Grand Exit is a 1935 American detective mystery film with comedy elements, directed for Columbia Pictures by Erle C. Kenton, with screenplay by Bruce Manning and Lionel Houser, based on a story by Gene Towne and Graham Baker. The leads, in their second film together, are Edmund Lowe and Ann Sothern, with supporting players Onslow Stevens, Robert Middlemass and Wyrley Birch.

Plot

Mysterious woman at suspicious fire
The front page of a brochure depicts a globe with ribbons stating "INTEROCEANIC FIRE INSURANCE CO." and, underneath, "estd. 1872" and, still below, "OFFICES IN ALL PRINCIPAL CITIES". Turning to page 6., one sees a photograph of a building described above as "EXCELSIOR PAPER COMPANY" and below as "Insured by Interoceanic Fire Insurance Co." As a blazing inferno collapses the building in the photo, a policeman moves away the onlookers and one of them (Edmund Lowe) takes a few steps aside to find a woman (Ann Sothern), standing on a pile of crates, observing the fire. As he looks up at her, she says, "I wonder how it started". He responds by providing a bantering discourse on "two hundred and two ways of starting a fire", illustrating it by striking a match on his teeth. He then offers her a cigarette, then invites her for a beer ("nice cold beer is very nice after a hot fire"), then "some food" and, finally, "a little stroll through the park". She refuses all offers ("you seem to think I was born yesterday"), gets into a car and drives away, while the building collapses and a hand is seen putting an "X" across its photo on the ledger page.

The board of directors faces a crisis
At a meeting of Interoceanic board of directors, the chairman (unbilled Russell Hicks) announces to the eight other members, "six big fires in as many weeks representing a total loss to this company of one million, eight hundred and seventy-two thousand, nine hundred and sixty-one dollars", while apple-chewing member Digby (unbilled Raymond Brown) adds, from the back of the room, "and ninety-four cents". The chairman turns to an investigator in the room, Mr. Grayson (Onslow Stevens) and demands results. Grayson explains that the fires appear to be the work of an arsonist ("one of our advertising booklets was mailed back to us anonymously") who draws an "X" across each business which he or she sets ablaze. The next is indicated as "ACME FUR COMPANY" and the cut-out letters "WHEN?". One of the board members (unbilled Edward Van Sloan) exclaims, "Arson! Arson! Every time you investigators get up a tree, you cry firebug". To which the apple-chewing Digby responds, "Better get Tom Fletcher back, boys". As the members discuss details, Grayson describes it as "the biggest campaign of crime ever aimed at a fire insurance company" and Digby chimes in, "well, that's some kind of a record — better get Tom Fletcher back, boys — he's the best insurance investigator in the country". Another member (unbilled John Ince) seconds it, "Digby's right — Fletcher's record in arson cases is unbeatable". The general manager, Mr. French (unbilled Sam Flint) objects, "and so are some of his other records...", but is overruled.

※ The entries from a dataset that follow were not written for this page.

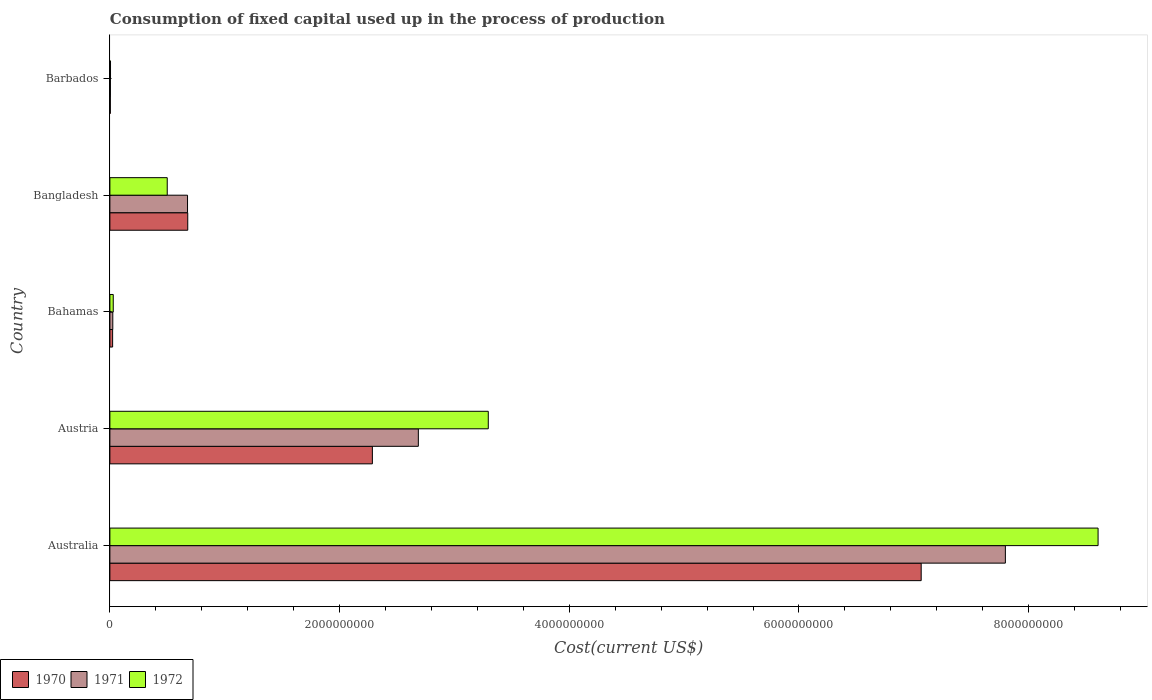How many different coloured bars are there?
Make the answer very short. 3. How many groups of bars are there?
Offer a very short reply. 5. Are the number of bars per tick equal to the number of legend labels?
Make the answer very short. Yes. Are the number of bars on each tick of the Y-axis equal?
Your answer should be compact. Yes. What is the amount consumed in the process of production in 1970 in Bahamas?
Your answer should be compact. 2.39e+07. Across all countries, what is the maximum amount consumed in the process of production in 1971?
Keep it short and to the point. 7.80e+09. Across all countries, what is the minimum amount consumed in the process of production in 1972?
Your response must be concise. 5.43e+06. In which country was the amount consumed in the process of production in 1972 minimum?
Provide a short and direct response. Barbados. What is the total amount consumed in the process of production in 1970 in the graph?
Your answer should be very brief. 1.01e+1. What is the difference between the amount consumed in the process of production in 1971 in Bahamas and that in Barbados?
Keep it short and to the point. 2.08e+07. What is the difference between the amount consumed in the process of production in 1970 in Australia and the amount consumed in the process of production in 1972 in Austria?
Make the answer very short. 3.77e+09. What is the average amount consumed in the process of production in 1972 per country?
Your response must be concise. 2.49e+09. What is the difference between the amount consumed in the process of production in 1972 and amount consumed in the process of production in 1971 in Bahamas?
Keep it short and to the point. 3.86e+06. What is the ratio of the amount consumed in the process of production in 1970 in Austria to that in Bangladesh?
Give a very brief answer. 3.37. Is the amount consumed in the process of production in 1972 in Australia less than that in Austria?
Provide a succinct answer. No. What is the difference between the highest and the second highest amount consumed in the process of production in 1971?
Offer a terse response. 5.11e+09. What is the difference between the highest and the lowest amount consumed in the process of production in 1971?
Your response must be concise. 7.79e+09. Is the sum of the amount consumed in the process of production in 1972 in Bangladesh and Barbados greater than the maximum amount consumed in the process of production in 1971 across all countries?
Offer a very short reply. No. What does the 2nd bar from the top in Bangladesh represents?
Keep it short and to the point. 1971. What does the 3rd bar from the bottom in Bahamas represents?
Keep it short and to the point. 1972. Is it the case that in every country, the sum of the amount consumed in the process of production in 1970 and amount consumed in the process of production in 1971 is greater than the amount consumed in the process of production in 1972?
Ensure brevity in your answer.  Yes. How many bars are there?
Make the answer very short. 15. Where does the legend appear in the graph?
Provide a succinct answer. Bottom left. What is the title of the graph?
Offer a very short reply. Consumption of fixed capital used up in the process of production. What is the label or title of the X-axis?
Give a very brief answer. Cost(current US$). What is the Cost(current US$) in 1970 in Australia?
Keep it short and to the point. 7.06e+09. What is the Cost(current US$) in 1971 in Australia?
Make the answer very short. 7.80e+09. What is the Cost(current US$) of 1972 in Australia?
Your answer should be compact. 8.60e+09. What is the Cost(current US$) of 1970 in Austria?
Your answer should be compact. 2.29e+09. What is the Cost(current US$) in 1971 in Austria?
Keep it short and to the point. 2.69e+09. What is the Cost(current US$) of 1972 in Austria?
Keep it short and to the point. 3.29e+09. What is the Cost(current US$) of 1970 in Bahamas?
Your answer should be very brief. 2.39e+07. What is the Cost(current US$) of 1971 in Bahamas?
Provide a succinct answer. 2.53e+07. What is the Cost(current US$) of 1972 in Bahamas?
Your answer should be compact. 2.92e+07. What is the Cost(current US$) in 1970 in Bangladesh?
Offer a very short reply. 6.78e+08. What is the Cost(current US$) in 1971 in Bangladesh?
Keep it short and to the point. 6.76e+08. What is the Cost(current US$) in 1972 in Bangladesh?
Provide a short and direct response. 4.99e+08. What is the Cost(current US$) of 1970 in Barbados?
Ensure brevity in your answer.  3.84e+06. What is the Cost(current US$) in 1971 in Barbados?
Your response must be concise. 4.52e+06. What is the Cost(current US$) of 1972 in Barbados?
Your answer should be very brief. 5.43e+06. Across all countries, what is the maximum Cost(current US$) of 1970?
Provide a short and direct response. 7.06e+09. Across all countries, what is the maximum Cost(current US$) in 1971?
Your answer should be very brief. 7.80e+09. Across all countries, what is the maximum Cost(current US$) of 1972?
Keep it short and to the point. 8.60e+09. Across all countries, what is the minimum Cost(current US$) of 1970?
Keep it short and to the point. 3.84e+06. Across all countries, what is the minimum Cost(current US$) of 1971?
Make the answer very short. 4.52e+06. Across all countries, what is the minimum Cost(current US$) in 1972?
Offer a terse response. 5.43e+06. What is the total Cost(current US$) of 1970 in the graph?
Offer a terse response. 1.01e+1. What is the total Cost(current US$) of 1971 in the graph?
Your response must be concise. 1.12e+1. What is the total Cost(current US$) of 1972 in the graph?
Your response must be concise. 1.24e+1. What is the difference between the Cost(current US$) of 1970 in Australia and that in Austria?
Make the answer very short. 4.78e+09. What is the difference between the Cost(current US$) of 1971 in Australia and that in Austria?
Your answer should be compact. 5.11e+09. What is the difference between the Cost(current US$) of 1972 in Australia and that in Austria?
Keep it short and to the point. 5.31e+09. What is the difference between the Cost(current US$) in 1970 in Australia and that in Bahamas?
Your response must be concise. 7.04e+09. What is the difference between the Cost(current US$) in 1971 in Australia and that in Bahamas?
Keep it short and to the point. 7.77e+09. What is the difference between the Cost(current US$) in 1972 in Australia and that in Bahamas?
Ensure brevity in your answer.  8.58e+09. What is the difference between the Cost(current US$) of 1970 in Australia and that in Bangladesh?
Ensure brevity in your answer.  6.39e+09. What is the difference between the Cost(current US$) of 1971 in Australia and that in Bangladesh?
Your answer should be very brief. 7.12e+09. What is the difference between the Cost(current US$) in 1972 in Australia and that in Bangladesh?
Give a very brief answer. 8.11e+09. What is the difference between the Cost(current US$) in 1970 in Australia and that in Barbados?
Your answer should be compact. 7.06e+09. What is the difference between the Cost(current US$) of 1971 in Australia and that in Barbados?
Your response must be concise. 7.79e+09. What is the difference between the Cost(current US$) of 1972 in Australia and that in Barbados?
Your answer should be very brief. 8.60e+09. What is the difference between the Cost(current US$) in 1970 in Austria and that in Bahamas?
Offer a very short reply. 2.26e+09. What is the difference between the Cost(current US$) in 1971 in Austria and that in Bahamas?
Ensure brevity in your answer.  2.66e+09. What is the difference between the Cost(current US$) of 1972 in Austria and that in Bahamas?
Provide a succinct answer. 3.27e+09. What is the difference between the Cost(current US$) of 1970 in Austria and that in Bangladesh?
Offer a very short reply. 1.61e+09. What is the difference between the Cost(current US$) in 1971 in Austria and that in Bangladesh?
Provide a short and direct response. 2.01e+09. What is the difference between the Cost(current US$) in 1972 in Austria and that in Bangladesh?
Offer a very short reply. 2.80e+09. What is the difference between the Cost(current US$) of 1970 in Austria and that in Barbados?
Provide a short and direct response. 2.28e+09. What is the difference between the Cost(current US$) of 1971 in Austria and that in Barbados?
Give a very brief answer. 2.68e+09. What is the difference between the Cost(current US$) of 1972 in Austria and that in Barbados?
Provide a succinct answer. 3.29e+09. What is the difference between the Cost(current US$) in 1970 in Bahamas and that in Bangladesh?
Ensure brevity in your answer.  -6.54e+08. What is the difference between the Cost(current US$) in 1971 in Bahamas and that in Bangladesh?
Your answer should be compact. -6.51e+08. What is the difference between the Cost(current US$) in 1972 in Bahamas and that in Bangladesh?
Keep it short and to the point. -4.70e+08. What is the difference between the Cost(current US$) of 1970 in Bahamas and that in Barbados?
Provide a short and direct response. 2.00e+07. What is the difference between the Cost(current US$) in 1971 in Bahamas and that in Barbados?
Provide a short and direct response. 2.08e+07. What is the difference between the Cost(current US$) of 1972 in Bahamas and that in Barbados?
Keep it short and to the point. 2.38e+07. What is the difference between the Cost(current US$) in 1970 in Bangladesh and that in Barbados?
Your answer should be very brief. 6.74e+08. What is the difference between the Cost(current US$) in 1971 in Bangladesh and that in Barbados?
Make the answer very short. 6.72e+08. What is the difference between the Cost(current US$) in 1972 in Bangladesh and that in Barbados?
Your answer should be compact. 4.94e+08. What is the difference between the Cost(current US$) of 1970 in Australia and the Cost(current US$) of 1971 in Austria?
Your response must be concise. 4.38e+09. What is the difference between the Cost(current US$) in 1970 in Australia and the Cost(current US$) in 1972 in Austria?
Offer a very short reply. 3.77e+09. What is the difference between the Cost(current US$) in 1971 in Australia and the Cost(current US$) in 1972 in Austria?
Provide a short and direct response. 4.50e+09. What is the difference between the Cost(current US$) of 1970 in Australia and the Cost(current US$) of 1971 in Bahamas?
Your answer should be compact. 7.04e+09. What is the difference between the Cost(current US$) of 1970 in Australia and the Cost(current US$) of 1972 in Bahamas?
Ensure brevity in your answer.  7.03e+09. What is the difference between the Cost(current US$) of 1971 in Australia and the Cost(current US$) of 1972 in Bahamas?
Provide a succinct answer. 7.77e+09. What is the difference between the Cost(current US$) of 1970 in Australia and the Cost(current US$) of 1971 in Bangladesh?
Keep it short and to the point. 6.39e+09. What is the difference between the Cost(current US$) of 1970 in Australia and the Cost(current US$) of 1972 in Bangladesh?
Your answer should be compact. 6.56e+09. What is the difference between the Cost(current US$) of 1971 in Australia and the Cost(current US$) of 1972 in Bangladesh?
Provide a short and direct response. 7.30e+09. What is the difference between the Cost(current US$) of 1970 in Australia and the Cost(current US$) of 1971 in Barbados?
Offer a terse response. 7.06e+09. What is the difference between the Cost(current US$) in 1970 in Australia and the Cost(current US$) in 1972 in Barbados?
Provide a succinct answer. 7.06e+09. What is the difference between the Cost(current US$) in 1971 in Australia and the Cost(current US$) in 1972 in Barbados?
Your answer should be compact. 7.79e+09. What is the difference between the Cost(current US$) of 1970 in Austria and the Cost(current US$) of 1971 in Bahamas?
Provide a succinct answer. 2.26e+09. What is the difference between the Cost(current US$) in 1970 in Austria and the Cost(current US$) in 1972 in Bahamas?
Keep it short and to the point. 2.26e+09. What is the difference between the Cost(current US$) of 1971 in Austria and the Cost(current US$) of 1972 in Bahamas?
Make the answer very short. 2.66e+09. What is the difference between the Cost(current US$) in 1970 in Austria and the Cost(current US$) in 1971 in Bangladesh?
Your response must be concise. 1.61e+09. What is the difference between the Cost(current US$) of 1970 in Austria and the Cost(current US$) of 1972 in Bangladesh?
Offer a very short reply. 1.79e+09. What is the difference between the Cost(current US$) in 1971 in Austria and the Cost(current US$) in 1972 in Bangladesh?
Offer a very short reply. 2.19e+09. What is the difference between the Cost(current US$) in 1970 in Austria and the Cost(current US$) in 1971 in Barbados?
Offer a terse response. 2.28e+09. What is the difference between the Cost(current US$) in 1970 in Austria and the Cost(current US$) in 1972 in Barbados?
Your response must be concise. 2.28e+09. What is the difference between the Cost(current US$) of 1971 in Austria and the Cost(current US$) of 1972 in Barbados?
Provide a short and direct response. 2.68e+09. What is the difference between the Cost(current US$) in 1970 in Bahamas and the Cost(current US$) in 1971 in Bangladesh?
Give a very brief answer. -6.52e+08. What is the difference between the Cost(current US$) in 1970 in Bahamas and the Cost(current US$) in 1972 in Bangladesh?
Your answer should be very brief. -4.75e+08. What is the difference between the Cost(current US$) in 1971 in Bahamas and the Cost(current US$) in 1972 in Bangladesh?
Your answer should be very brief. -4.74e+08. What is the difference between the Cost(current US$) of 1970 in Bahamas and the Cost(current US$) of 1971 in Barbados?
Your answer should be very brief. 1.93e+07. What is the difference between the Cost(current US$) in 1970 in Bahamas and the Cost(current US$) in 1972 in Barbados?
Provide a short and direct response. 1.84e+07. What is the difference between the Cost(current US$) of 1971 in Bahamas and the Cost(current US$) of 1972 in Barbados?
Make the answer very short. 1.99e+07. What is the difference between the Cost(current US$) in 1970 in Bangladesh and the Cost(current US$) in 1971 in Barbados?
Offer a terse response. 6.73e+08. What is the difference between the Cost(current US$) in 1970 in Bangladesh and the Cost(current US$) in 1972 in Barbados?
Offer a very short reply. 6.73e+08. What is the difference between the Cost(current US$) in 1971 in Bangladesh and the Cost(current US$) in 1972 in Barbados?
Your answer should be compact. 6.71e+08. What is the average Cost(current US$) in 1970 per country?
Make the answer very short. 2.01e+09. What is the average Cost(current US$) of 1971 per country?
Give a very brief answer. 2.24e+09. What is the average Cost(current US$) in 1972 per country?
Your answer should be compact. 2.49e+09. What is the difference between the Cost(current US$) in 1970 and Cost(current US$) in 1971 in Australia?
Provide a succinct answer. -7.33e+08. What is the difference between the Cost(current US$) in 1970 and Cost(current US$) in 1972 in Australia?
Provide a succinct answer. -1.54e+09. What is the difference between the Cost(current US$) of 1971 and Cost(current US$) of 1972 in Australia?
Your response must be concise. -8.07e+08. What is the difference between the Cost(current US$) in 1970 and Cost(current US$) in 1971 in Austria?
Keep it short and to the point. -4.00e+08. What is the difference between the Cost(current US$) in 1970 and Cost(current US$) in 1972 in Austria?
Give a very brief answer. -1.01e+09. What is the difference between the Cost(current US$) in 1971 and Cost(current US$) in 1972 in Austria?
Ensure brevity in your answer.  -6.09e+08. What is the difference between the Cost(current US$) of 1970 and Cost(current US$) of 1971 in Bahamas?
Offer a terse response. -1.50e+06. What is the difference between the Cost(current US$) of 1970 and Cost(current US$) of 1972 in Bahamas?
Make the answer very short. -5.35e+06. What is the difference between the Cost(current US$) of 1971 and Cost(current US$) of 1972 in Bahamas?
Your answer should be very brief. -3.86e+06. What is the difference between the Cost(current US$) in 1970 and Cost(current US$) in 1971 in Bangladesh?
Ensure brevity in your answer.  1.86e+06. What is the difference between the Cost(current US$) in 1970 and Cost(current US$) in 1972 in Bangladesh?
Ensure brevity in your answer.  1.79e+08. What is the difference between the Cost(current US$) of 1971 and Cost(current US$) of 1972 in Bangladesh?
Make the answer very short. 1.77e+08. What is the difference between the Cost(current US$) in 1970 and Cost(current US$) in 1971 in Barbados?
Provide a succinct answer. -6.77e+05. What is the difference between the Cost(current US$) in 1970 and Cost(current US$) in 1972 in Barbados?
Your answer should be very brief. -1.58e+06. What is the difference between the Cost(current US$) in 1971 and Cost(current US$) in 1972 in Barbados?
Give a very brief answer. -9.05e+05. What is the ratio of the Cost(current US$) of 1970 in Australia to that in Austria?
Give a very brief answer. 3.09. What is the ratio of the Cost(current US$) in 1971 in Australia to that in Austria?
Your response must be concise. 2.9. What is the ratio of the Cost(current US$) in 1972 in Australia to that in Austria?
Provide a short and direct response. 2.61. What is the ratio of the Cost(current US$) in 1970 in Australia to that in Bahamas?
Offer a terse response. 296.18. What is the ratio of the Cost(current US$) of 1971 in Australia to that in Bahamas?
Give a very brief answer. 307.59. What is the ratio of the Cost(current US$) of 1972 in Australia to that in Bahamas?
Keep it short and to the point. 294.62. What is the ratio of the Cost(current US$) in 1970 in Australia to that in Bangladesh?
Provide a short and direct response. 10.42. What is the ratio of the Cost(current US$) of 1971 in Australia to that in Bangladesh?
Ensure brevity in your answer.  11.53. What is the ratio of the Cost(current US$) of 1972 in Australia to that in Bangladesh?
Your answer should be very brief. 17.23. What is the ratio of the Cost(current US$) of 1970 in Australia to that in Barbados?
Ensure brevity in your answer.  1837.93. What is the ratio of the Cost(current US$) in 1971 in Australia to that in Barbados?
Offer a terse response. 1724.72. What is the ratio of the Cost(current US$) in 1972 in Australia to that in Barbados?
Provide a short and direct response. 1585.76. What is the ratio of the Cost(current US$) in 1970 in Austria to that in Bahamas?
Make the answer very short. 95.83. What is the ratio of the Cost(current US$) of 1971 in Austria to that in Bahamas?
Your response must be concise. 105.95. What is the ratio of the Cost(current US$) of 1972 in Austria to that in Bahamas?
Ensure brevity in your answer.  112.81. What is the ratio of the Cost(current US$) of 1970 in Austria to that in Bangladesh?
Give a very brief answer. 3.37. What is the ratio of the Cost(current US$) of 1971 in Austria to that in Bangladesh?
Ensure brevity in your answer.  3.97. What is the ratio of the Cost(current US$) of 1972 in Austria to that in Bangladesh?
Give a very brief answer. 6.6. What is the ratio of the Cost(current US$) of 1970 in Austria to that in Barbados?
Offer a terse response. 594.65. What is the ratio of the Cost(current US$) in 1971 in Austria to that in Barbados?
Keep it short and to the point. 594.1. What is the ratio of the Cost(current US$) of 1972 in Austria to that in Barbados?
Offer a terse response. 607.2. What is the ratio of the Cost(current US$) of 1970 in Bahamas to that in Bangladesh?
Your answer should be compact. 0.04. What is the ratio of the Cost(current US$) of 1971 in Bahamas to that in Bangladesh?
Ensure brevity in your answer.  0.04. What is the ratio of the Cost(current US$) in 1972 in Bahamas to that in Bangladesh?
Offer a terse response. 0.06. What is the ratio of the Cost(current US$) in 1970 in Bahamas to that in Barbados?
Make the answer very short. 6.21. What is the ratio of the Cost(current US$) in 1971 in Bahamas to that in Barbados?
Ensure brevity in your answer.  5.61. What is the ratio of the Cost(current US$) of 1972 in Bahamas to that in Barbados?
Offer a very short reply. 5.38. What is the ratio of the Cost(current US$) in 1970 in Bangladesh to that in Barbados?
Offer a terse response. 176.39. What is the ratio of the Cost(current US$) of 1971 in Bangladesh to that in Barbados?
Give a very brief answer. 149.55. What is the ratio of the Cost(current US$) in 1972 in Bangladesh to that in Barbados?
Provide a succinct answer. 92.02. What is the difference between the highest and the second highest Cost(current US$) in 1970?
Offer a very short reply. 4.78e+09. What is the difference between the highest and the second highest Cost(current US$) in 1971?
Your response must be concise. 5.11e+09. What is the difference between the highest and the second highest Cost(current US$) in 1972?
Your answer should be compact. 5.31e+09. What is the difference between the highest and the lowest Cost(current US$) of 1970?
Your answer should be very brief. 7.06e+09. What is the difference between the highest and the lowest Cost(current US$) in 1971?
Provide a short and direct response. 7.79e+09. What is the difference between the highest and the lowest Cost(current US$) in 1972?
Provide a succinct answer. 8.60e+09.

Fletcher deals with the board of directors and meets his new secretary
Fletcher, the man in the opening scene, is at a bar, sharing drinks with three young women. When one reaches for a drink, he objects, "ah, ah, ah, teacher spank — you know my rules — sobriety test before every drink". The first one, Marie (unbilled Patricia Farley) fails "she sells seashells by the she sore". The next one, Nancy (unbilled Geneva Mitchell) also fails with "peter potter picked a peck of peckled pippers", as Grayson approaches to propose business. Fletcher tells him "I'm in conference" and gives a chance to the third girl, Sally (unbilled Dorothy Dehn), to prove her sobriety. She succeeds with "six sleek and supple salmon slept on a platter for supper". Grayson tells him that Interoceanic wants him back, but Fletcher replies that they can "go jump in a lake" adding that "they gave me a raw deal". Grayson convinces him by saying that the board is ready to "eat the well known humble pie". At that point, the two girls who failed start reciting their tongue twisters over each other. Fletcher leaves, giving the tab to Grayson, at company expense.

Arriving at the meeting, Fletcher sits in the director's chair and demands an office with a well-stocked refrigerator, a secretary ("not too young, not too old"), a car and a chauffeur ("any kind of a car will do, as long as it's a Rolls-Royce"), a doubling of his old salary, plus a bonus of a hundred thousand dollars for catching the pyromaniac. After he leaves, the board member portrayed by Edward Van Sloan says, "a plain case of blackmail. I wouldn't want to be quoted, but I bet he started those fires just to get his job back."

As Grayson, having been replaced by Fletcher, starts to pack, Fletcher calls Mr. French to tell him that he wants Grayson as a co-investigator. As French voices his objections, Fletcher hangs up. A showgirl-type secretary (unbilled Iris Adrian) enters and announces that "Mr. French said I was to do your secretarial work". "Good old French", replies Fletcher, dictating a letter and sending Grayson to dismiss all the security people working on the endangered businesses, so that he can replace them with his own trusted people.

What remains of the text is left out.